The plate stacker for the hot-rolled aluminum plate inserting line comprises a rack 1, two oppositely-arranged swing carrier roller devices 2, a plate stacker rail 3, a plate stacker 4, a lifter 5 and a felt padding device 6.

The rack 1 comprises a horizontally arranged rectangular frame and four supporting legs arranged at the bottom of the rectangular frame.

The two swing carrier roller devices 2 are oppositely arranged on two sides of the rack 1, and the swing carrier roller devices 2 comprise two states, namely a material receiving state and a blanking state.

Fig. 1 shows a schematic view of the oscillating idler device 2 in a receiving state. Referring to fig. 1, when the oscillating idler devices 2 are in a receiving state, the two oscillating idler devices 2 are used for receiving a finished sheet 8 and conveying the sheet 8 to a designated stacking station.

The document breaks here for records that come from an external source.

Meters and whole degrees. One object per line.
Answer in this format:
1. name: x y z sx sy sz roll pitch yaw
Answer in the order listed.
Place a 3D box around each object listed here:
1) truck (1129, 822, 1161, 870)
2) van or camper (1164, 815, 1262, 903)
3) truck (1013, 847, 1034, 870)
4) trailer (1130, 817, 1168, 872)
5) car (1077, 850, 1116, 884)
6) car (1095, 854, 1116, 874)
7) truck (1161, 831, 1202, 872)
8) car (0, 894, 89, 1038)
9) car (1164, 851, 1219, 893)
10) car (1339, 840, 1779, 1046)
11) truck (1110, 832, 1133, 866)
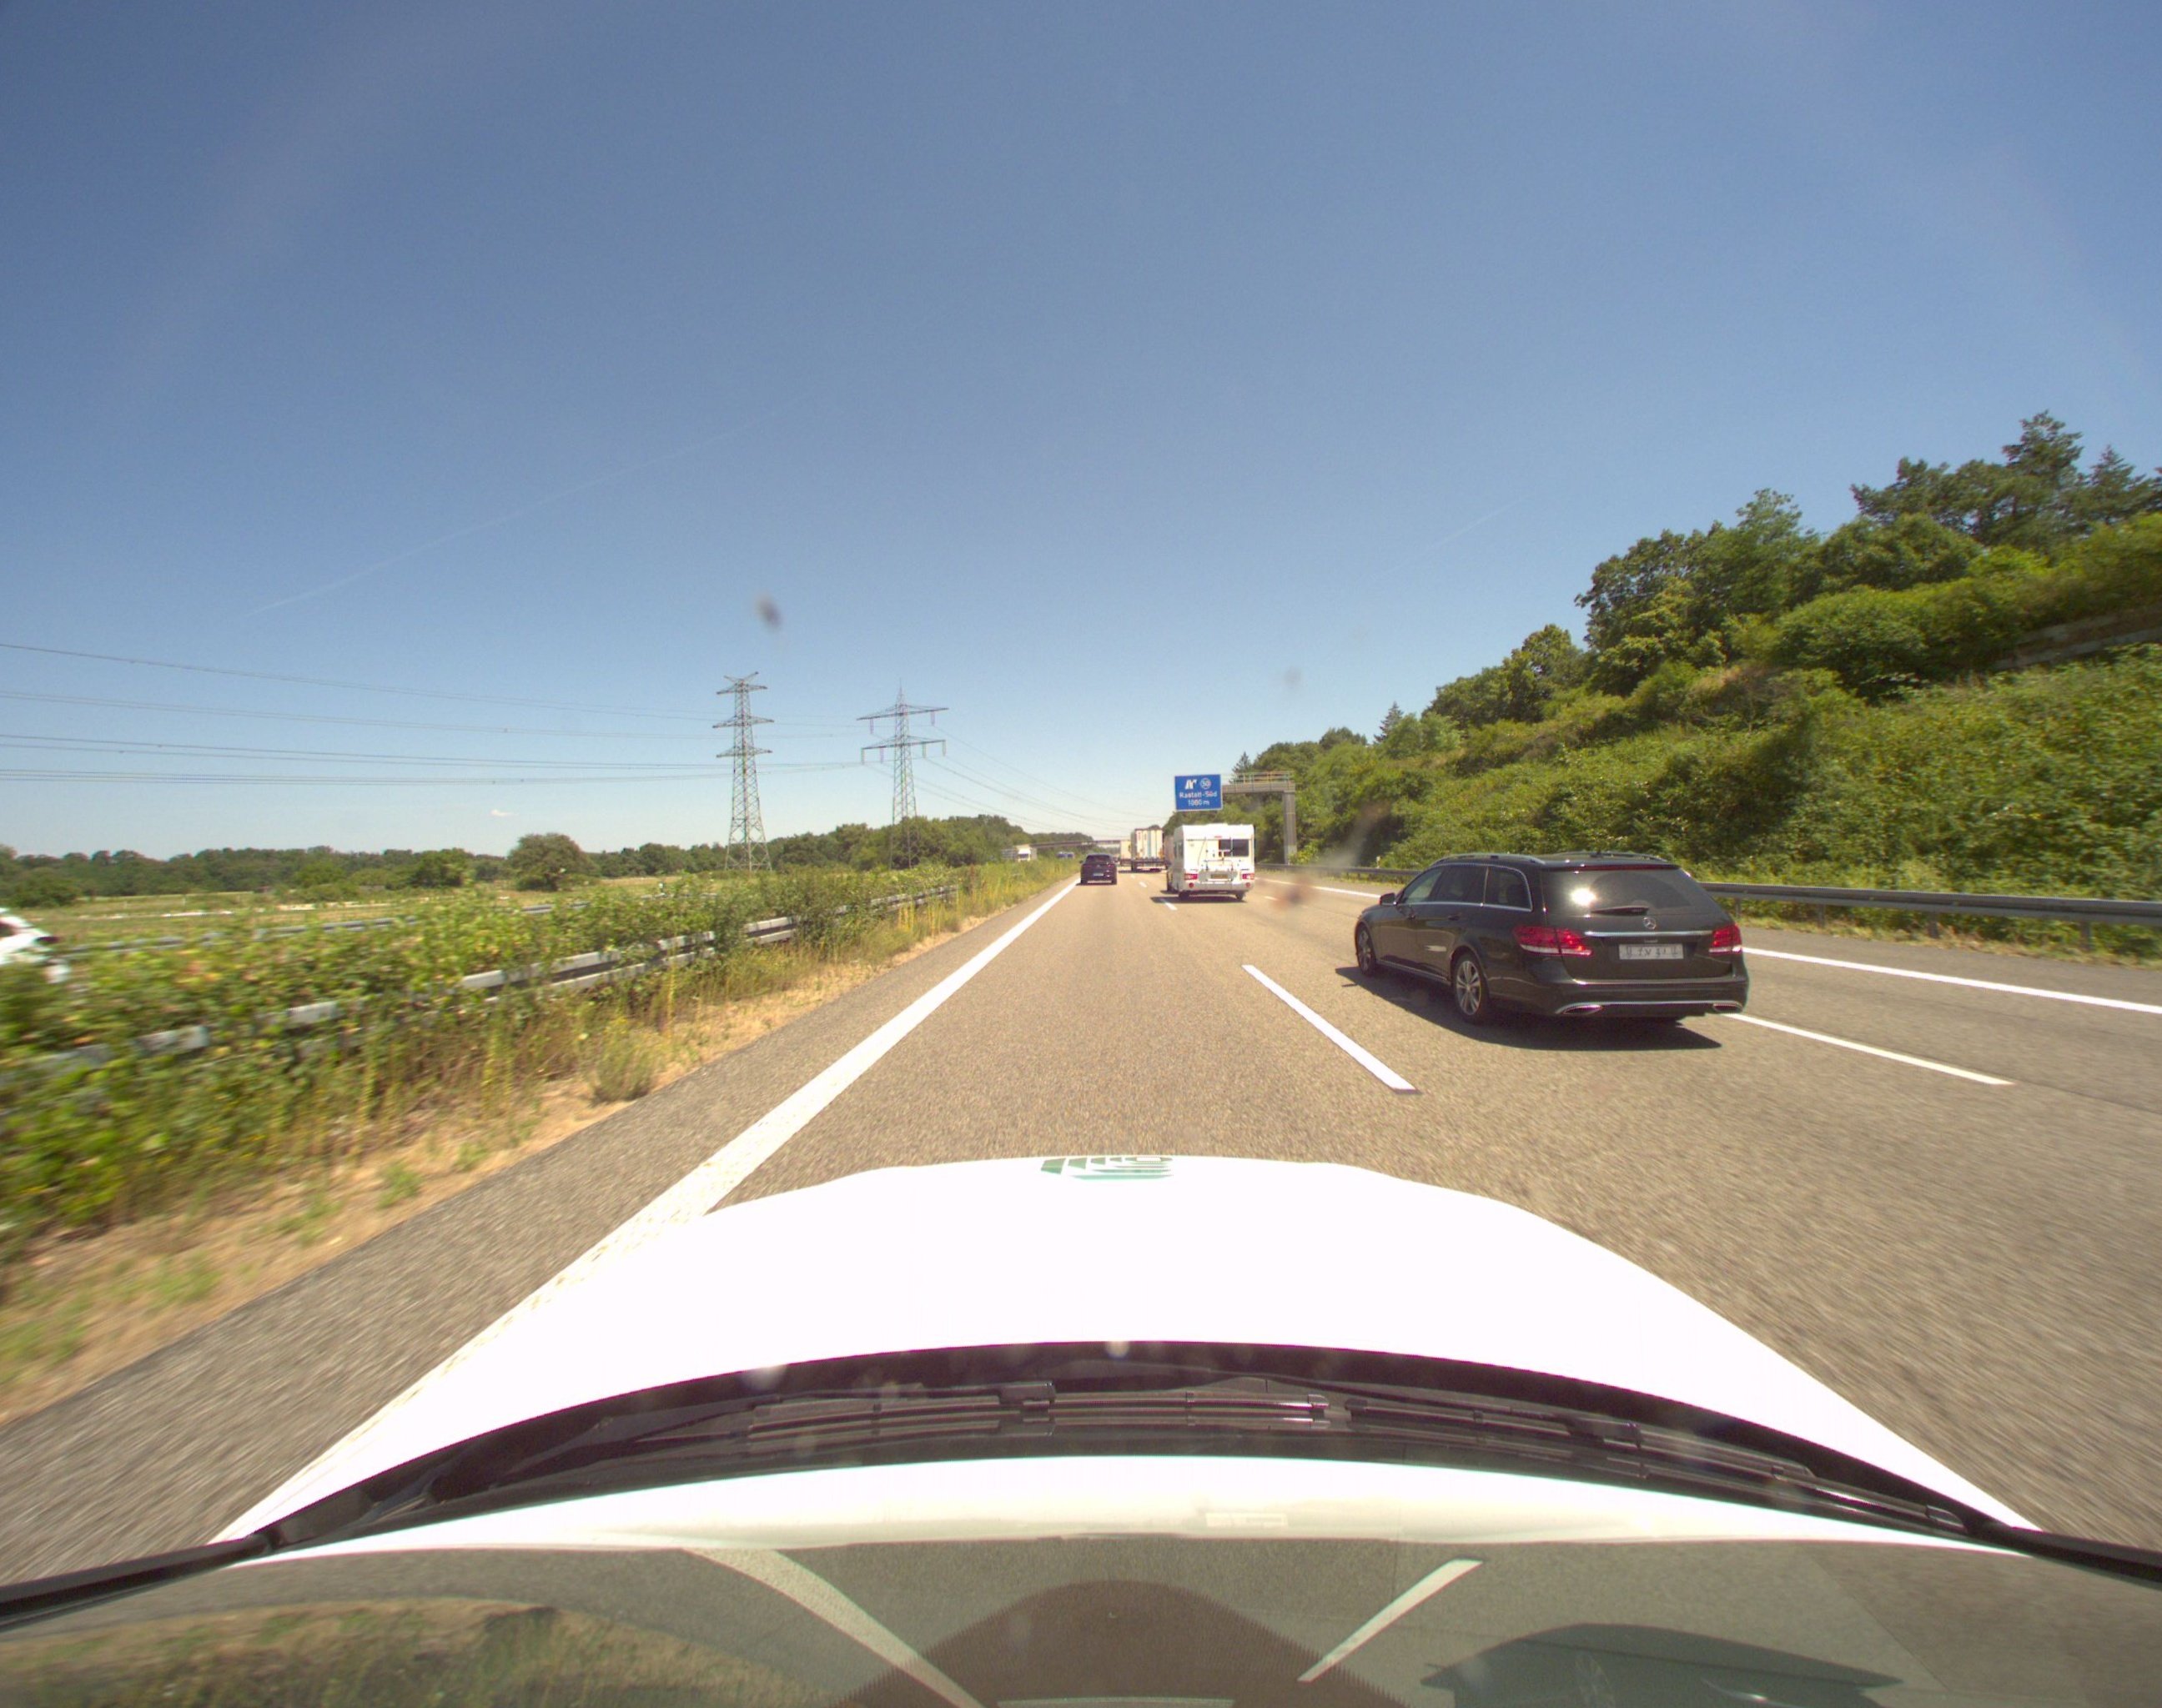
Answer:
1. truck: 6.681 -0.761 85.320 3.075 4.885 6.600 0 -1 2
2. van or camper: 4.428 0.156 28.555 2.430 2.675 6.350 -2 0 1
3. truck: -12.023 0.908 170.212 3.354 4.408 6.562 -4 0 3
4. trailer: 6.444 -0.816 79.088 3.075 4.885 12.263 0 -1 2
5. car: 0.849 0.686 45.109 1.986 1.772 4.001 -2 0 1
6. car: 2.364 0.905 78.565 1.955 1.814 4.449 -2 0 1
7. truck: 11.024 -0.199 90.471 3.557 4.245 11.657 0 -1 2
8. car: -13.702 1.362 8.449 1.834 1.651 4.014 -1 0 1
9. car: 4.546 0.693 34.098 1.871 1.612 4.706 -1 0 3
10. car: 4.275 0.648 8.379 1.834 1.505 4.739 -1 0 1
11. truck: 6.502 -0.727 131.046 3.498 5.166 10.263 -1 0 2

Fig. 2 shows a schematic view of the oscillating idler device 2 in the blanking state. Referring to fig. 2, when the oscillating idler device 2 is in the blanking state, the sheet 8 arriving at the sheet stacking station is stacked on the sheet stacking cart 4 under the action of gravity.

The pallet car track 3 is arranged below the frame 1, and the pallet car track 3 is used for supporting the pallet car 4 and the plates 8 stacked on the pallet car 4. The pallet truck track 3 comprises at least two guide rails arranged in parallel, and the length direction of the guide rails can be parallel to the length direction of the plates and can also be parallel to the width direction of the plates.

For example, in the present embodiment, the length direction of the guide rail is parallel to the sheet width direction, so that the pallet 4 reciprocates in the sheet width direction on the pallet track 3.

The bottom of the stacking plate vehicle 4 is provided with rollers which are supported on the stacking plate vehicle track 3 and are matched with the stacking plate vehicle track 3 in a rolling mode, the stacking plate vehicle 4 is further provided with a power device and a parking device, the power device is used for driving the stacking plate vehicle 4 to reciprocate on the stacking plate vehicle track 3, and the parking device is used for stopping the stacking plate vehicle 4 at a preset position on the stacking plate vehicle track 3.

The lifter 5 is arranged right below the machine frame 1 and is used for driving the pallet truck 4 to move up and down. The lifting machine 5 can adopt various lifting devices existing on the market, such as a spiral lifting machine, a scissor type lifting machine and the like, as long as the lifting of the plate stacking vehicle 4 can be realized, and the details are not repeated.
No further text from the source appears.